People's gut reactin to SW's is to clam up and say what they think we want to hear. dont. it just comes across as if you have something to hide, you dont! your daughter mixed with someone who was cleary (by his previouse S1) an abuser of her trust and she fell for it. its not her fault that she was groomed by this man.

by all means speak to someone legally qualified but try not to get overly defensive. if your daughter displays the desire to be a mum and shows justhow much she wants this baby that will be enough im sure.

loopity · 22/10/2006 23:44

Mummisery
As a social worker (but in adult services too) I would echo entirely what overthehill has said. The main focus would be to keep the child within the family unit (whether with a parent or extended family member) whenever possible following assessment - and I also agree that your own family situation as you describe sounds suitable! (I would also suggest legal advice too to help strengthen your case in any way)

All the best x

loopity · 22/10/2006 23:46

sorry - Xposted with battymumma - lot of sound advice there too

N1SEXYTING · 29/10/2006 16:16

Hi, I work in Children's social services (though as an assistant social worker) as much as they would like to keep children in the family the main thing is that you would be assessed in terms of if you can bring up the baby now and in the future. You might be able to apply to be a kinship carer (which is fostering) or special guardianship.

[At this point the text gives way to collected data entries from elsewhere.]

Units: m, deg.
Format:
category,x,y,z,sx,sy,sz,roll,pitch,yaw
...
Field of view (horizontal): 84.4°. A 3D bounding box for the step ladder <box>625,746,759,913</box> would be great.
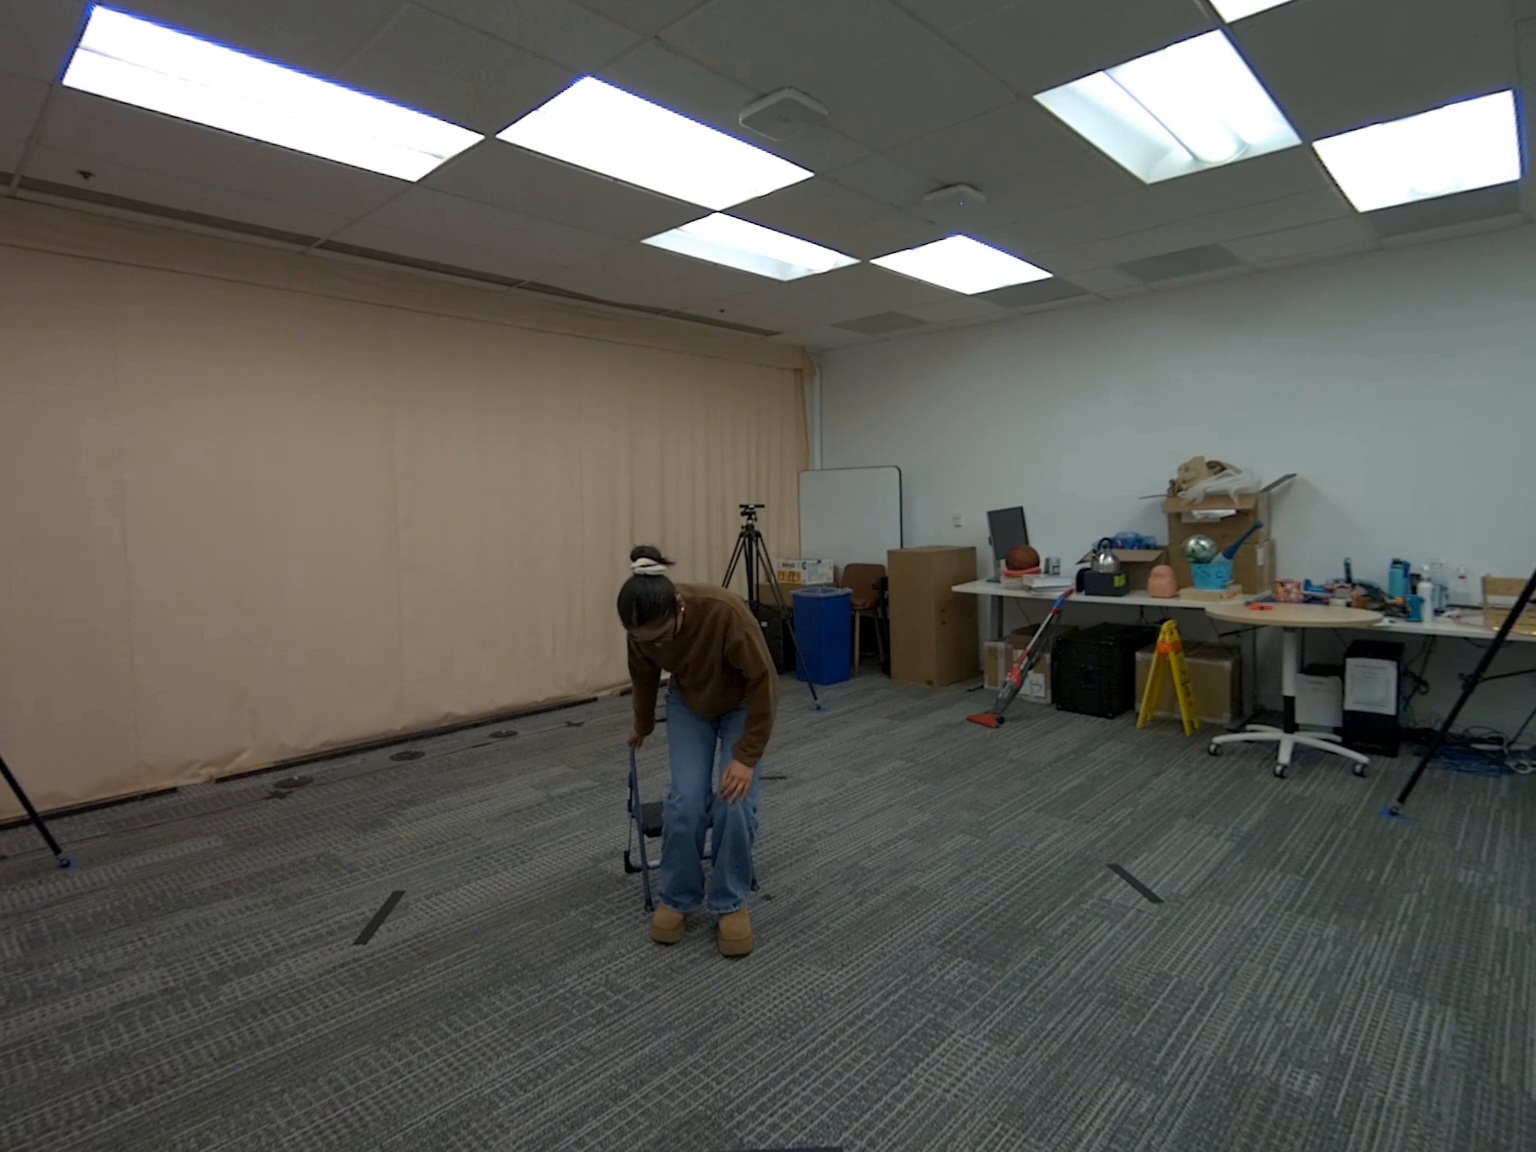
category,x,y,z,sx,sy,sz,roll,pitch,yaw
step ladder,-0.297,0.835,3.114,0.421,0.604,0.358,-2,4,-22

It can get very complicated so my advice is to contact your local SS and make a referral about your fears about your unborn grandchild so its in the system.

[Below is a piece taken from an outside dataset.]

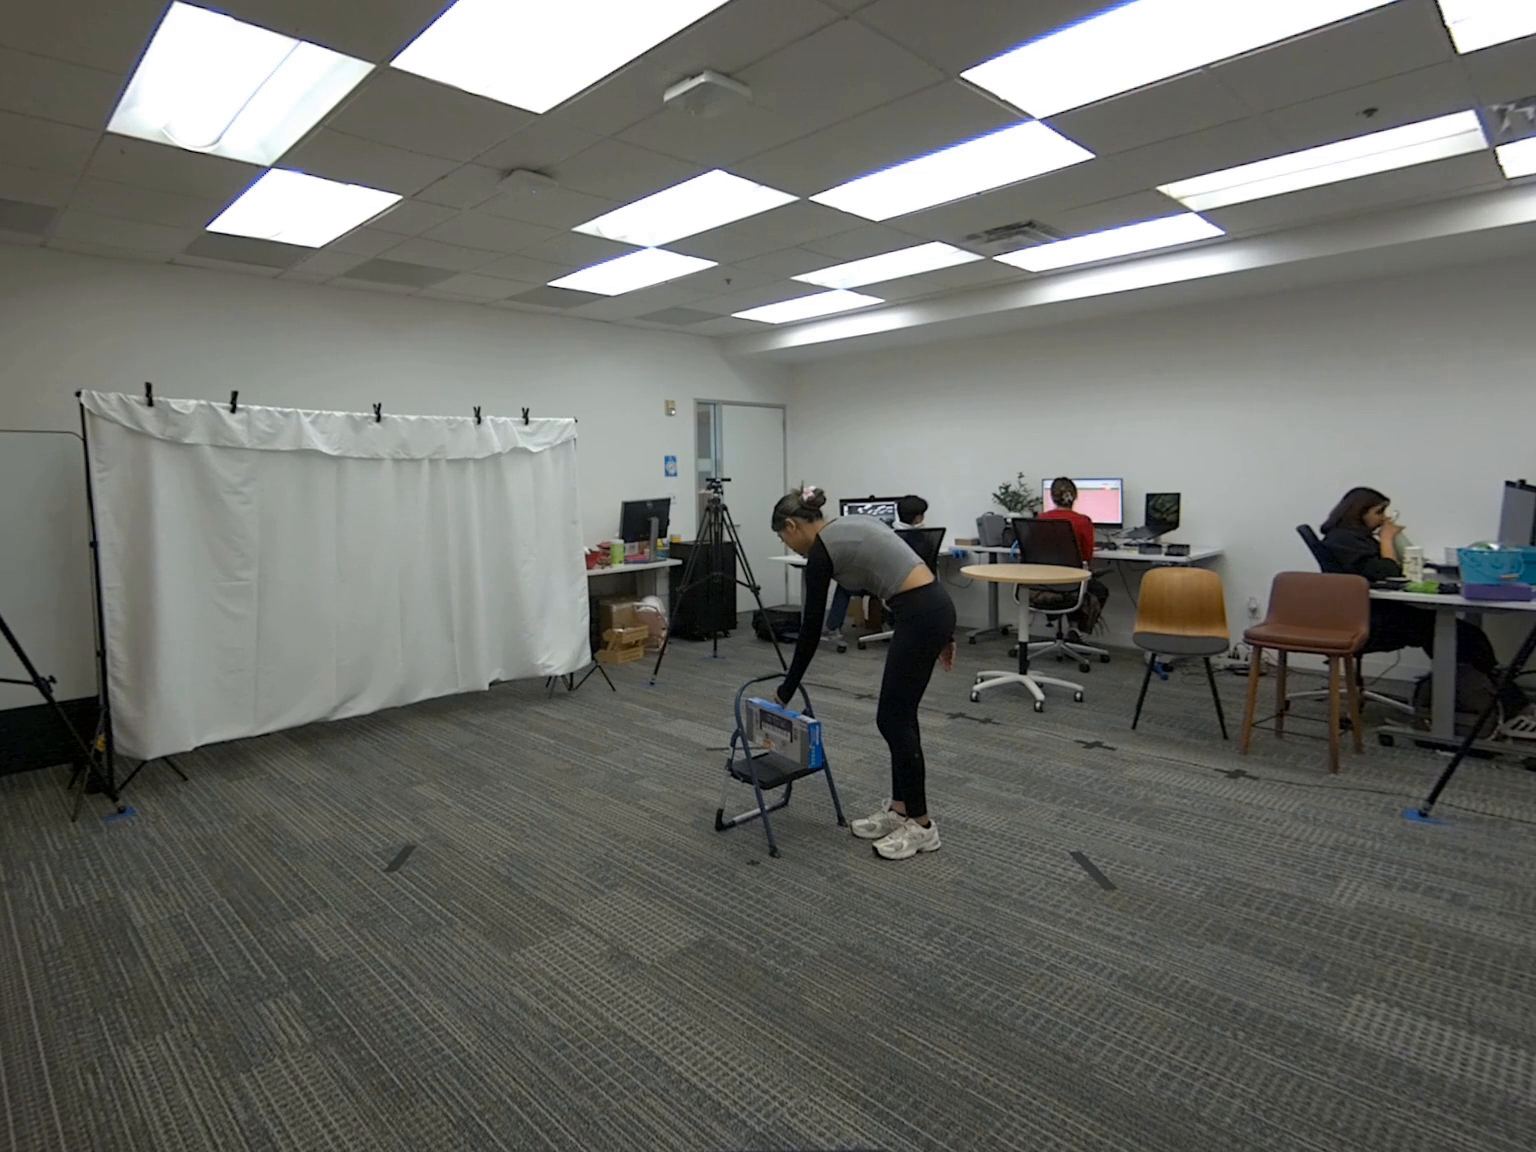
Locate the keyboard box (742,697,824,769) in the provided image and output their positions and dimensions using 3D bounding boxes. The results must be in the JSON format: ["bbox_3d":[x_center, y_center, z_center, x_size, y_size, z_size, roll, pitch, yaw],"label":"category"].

They will visit you to do an initial assessment and take it from there.

Good luck

mozhe · 02/11/2006 12:37

mummisery, what a lot you have on your plate ! But take heart, I do a lot of work for SS, they will look to you pretty quickly if your DD cannot manage on her own,( and to be honest at 14 she can't...), as part of what they call ' kinship care '. Speak to them honestly about what you feel you can offer your grandchild, they will want to know your views about the father...that will probably be the clincher, so have a really good think about that issue. At the end of the day it's all about what's best for the child. Good Luck.